The Pies party is in full swing. They talk about the army, but with the last battle of this season won, it is more of a joyous, black and white throng, blessedly free of stress or worry or regret – if only for one glorious day.
While they wait for their premiership heroes to emerge onto the balcony of the Glasshouse, the modern function centre that looks over Collingwood’s training ground, they chirp and chatter like their club mascot, swapping stories about the game just played and the moments that made it.
They also know there is something about this team – something beyond Saturday’s four-point margin against Brisbane or the record-levelling 16th premiership cup now in the club’s keeping – which makes these Pies so easy to admire.
Christina Asquini, a Collingwood fan for all her 62 years, carries the scars of watching her club lose more grand finals than it has won. Yet, in the two years since Craig “Fly” McRae was appointed coach, she has felt a lightening of the Collingwood mood and the burden carried by the club.
“The club has been encumbered by that in the past, that weight of history and tension,” she says. “Fly coming in I think has really changed that and lightened everything up. They seem freer and happier, while still cognisant of that history.”
Terry Patchett, a Collingwood member for 50 years, can’t remember the club being a happier or more welcoming place. “I think they are more connected now, they are playing more for each other, they feel more relaxed, they are very family orientated and very happy.”
For anyone who has closely followed the 2023 season, these are familiar verses from the Book of Fly, the cultural manifesto introduced to Collingwood by the game’s sunniest senior coach.
McRae’s “live in the moment” mantra is something preached and practised at Collingwood since he first walked into the club. Now, with apologies to Milan Kundera, this unbeatable lightness of being has given Collingwood, its players and their supporters a season to savour.
McRae, having barely sat down since his wife gave birth to their daughter on Saturday morning and his team won the flag the same afternoon, explains his philosophy from inside the Glasshouse, where tired players are lounging with their families and little kids wrestle for possession on the carpet.
“We just talk about it all the time; being in the moment,” says McRae. “It is one thing to say it but to live in the moment, we practise it at training. You step over the white line you are on, you step off the white line you are off.
“The reality is, if you are constantly in the moment and trying to get better every day, tomorrow is tomorrow. You can’t do Saturday until you have done Friday. We just work on Friday and do that really well and when we get to Saturday we are ready for it.”

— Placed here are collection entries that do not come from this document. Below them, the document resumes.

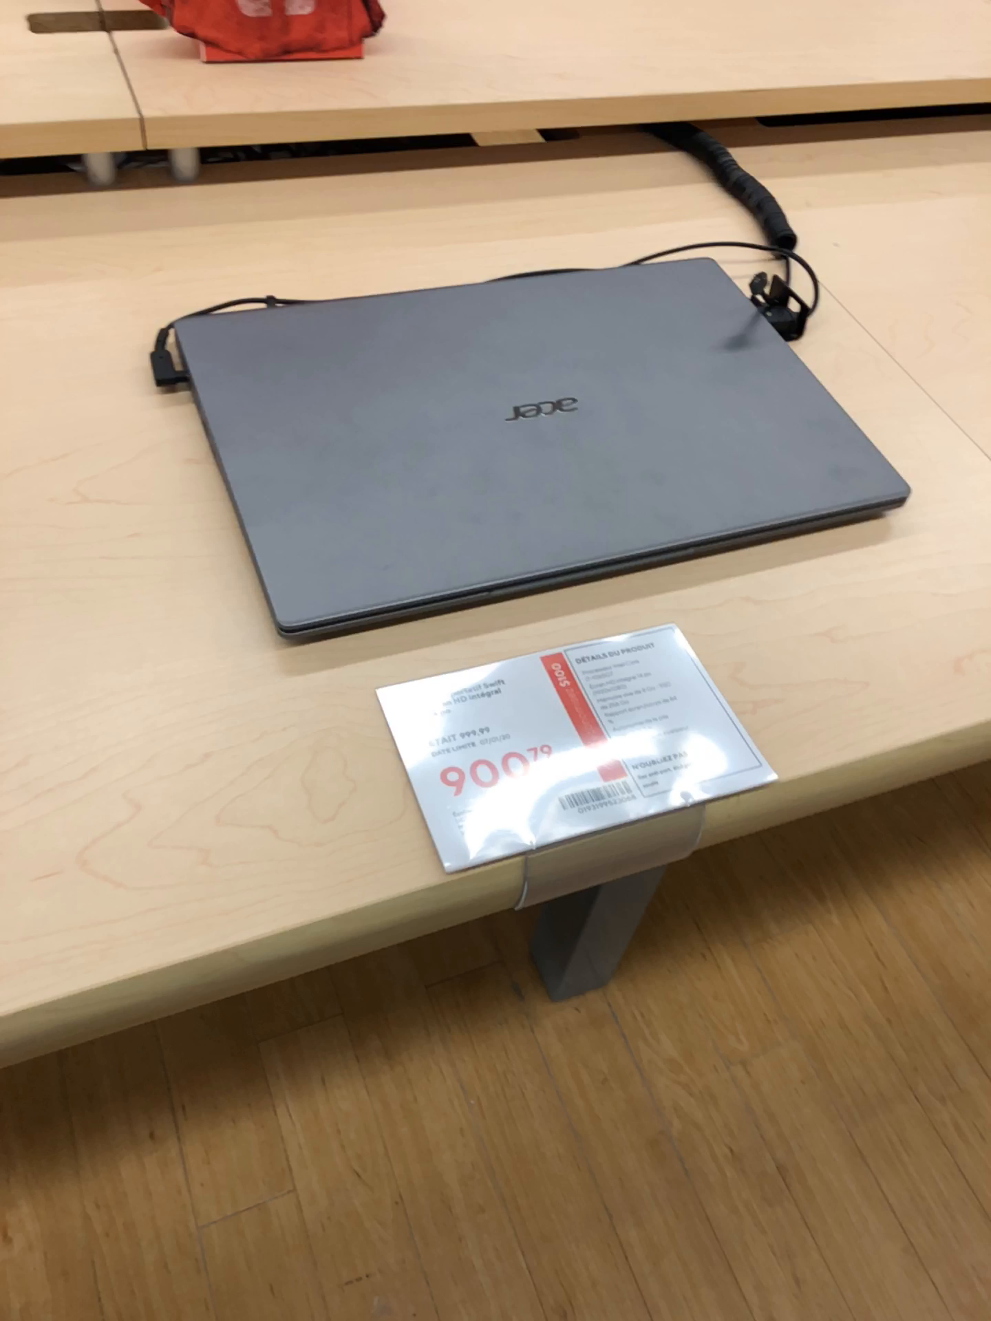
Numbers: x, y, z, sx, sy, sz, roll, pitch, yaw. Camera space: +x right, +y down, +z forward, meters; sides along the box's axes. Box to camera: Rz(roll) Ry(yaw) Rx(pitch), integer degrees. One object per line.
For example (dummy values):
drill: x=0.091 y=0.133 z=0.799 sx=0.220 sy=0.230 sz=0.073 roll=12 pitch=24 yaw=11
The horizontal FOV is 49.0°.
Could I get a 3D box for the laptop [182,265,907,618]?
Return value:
laptop: x=0.022 y=-0.125 z=0.536 sx=0.307 sy=0.001 sz=0.201 roll=-13 pitch=54 yaw=-19

If this pop-existentialism sounds confusing, it makes perfect sense to Collingwood captain Darcy Moore and his team. Jack Crisp, one of Collingwood’s best players in the grand final, says one strength of this team has less to do with its best football than how it responds to its worst.
“We don’t dwell on our mistakes,” he says. “We are an imperfect football club and a lot of mistakes happen on a football field, it is just a matter of how quick you can move on. If you do a bad kick we don’t care about that. It is what’s next – what can you do for the team next?

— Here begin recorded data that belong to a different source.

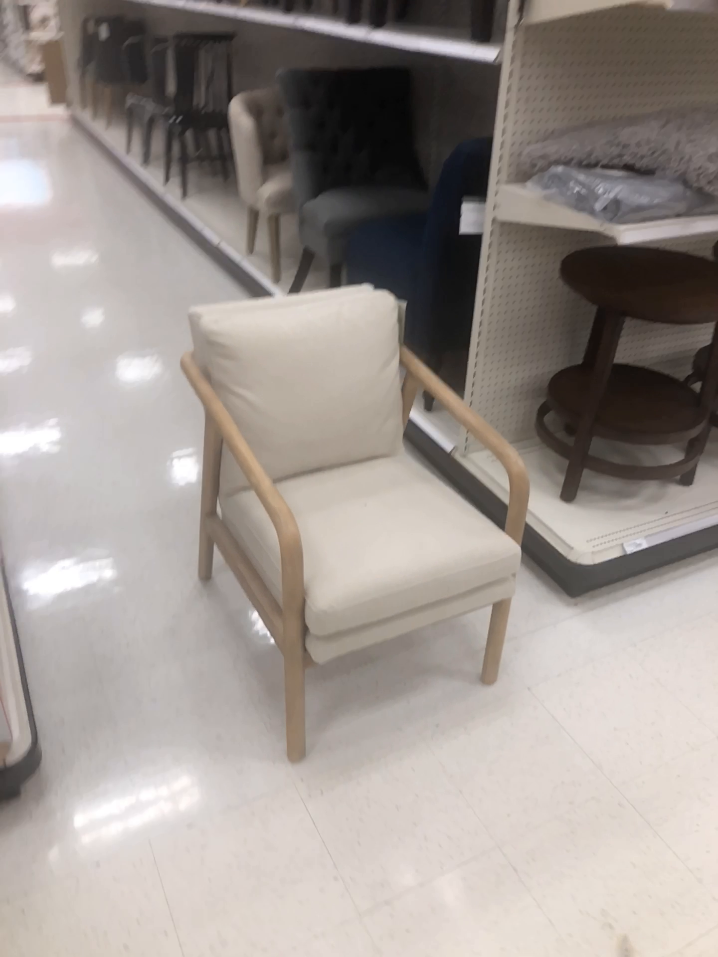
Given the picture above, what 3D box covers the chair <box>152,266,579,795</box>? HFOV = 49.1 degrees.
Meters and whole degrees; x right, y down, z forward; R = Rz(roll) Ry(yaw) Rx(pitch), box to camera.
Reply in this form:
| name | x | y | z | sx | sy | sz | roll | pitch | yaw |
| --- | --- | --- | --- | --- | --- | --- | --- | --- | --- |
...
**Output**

“The biggest piece to talk about is our connection,” Crisp continues. “Everyone can play to their strengths on game day, but the connection is something we build together, off the field, which helps built the chemistry on-field. We talk about being a big family club, with a culture where everyone can connect with each other. I think that really benefits us.”
Saturday’s most spectacular example of this was Norm Smith medallist Bobby Hill. Hill’s father Ian, who travelled from the West Australian town of Northam to watch the grand final, says that when his son played previously with Greater Western Sydney, the Giants coaches discouraged him from flying for marks.
When Hill came to Collingwood, McRae extended an open invitation for him to come fly with the friendly Pies. The result was Hill’s delicate perch on the shoulders of Brisbane’s Brandon Starcevich to juggle the mark of the day.
“When he first rocked up to the club, Fly said to him just play your natural game,” says Ian Hill. “His natural game is to run and take marks whenever he can.”
McRae, while thrilled to see Hill soar to such heights, is also proud of the way his team and club keeps their feet on the ground.
“It is important to me as a leader. As I said out on stage, I am going to be a father a lot longer than I am going to be a coach. I want to role model behaviour and make sure we educate and grow our young men to be stand-up people.”
Peter Maynard, father of Collingwood defender Brayden Maynard, saw evidence of this when his son approached several Brisbane players collapsed on the ground at the end of the game.
Maynard is renowned as one of the fiercest competitors in the AFL and plays with an aggression that very nearly ended his finals series at the tribunal. At the final siren on Saturday, his first thought was to console the distraught Brisbane players and pull them to their feet.
“It didn’t surprise me at all,” Peter says. “He really is a sensitive, caring soul. He is genuine in the contest but after that, he is humble.“
For McRae, it was a satisfying moment. “That is what winners do,” he says. “I want our group to have a certain level of humility and also, show respect.”
Among the black and white throng stretched out before the Glasshouse, there is a deep appreciation for where McRae and his players have taken the club.
For Collingwood devotee Rosie Hampson, it has made for a feeling unfamiliar to most football supporters. “I felt confident this year. I really did. They just know how to do it.”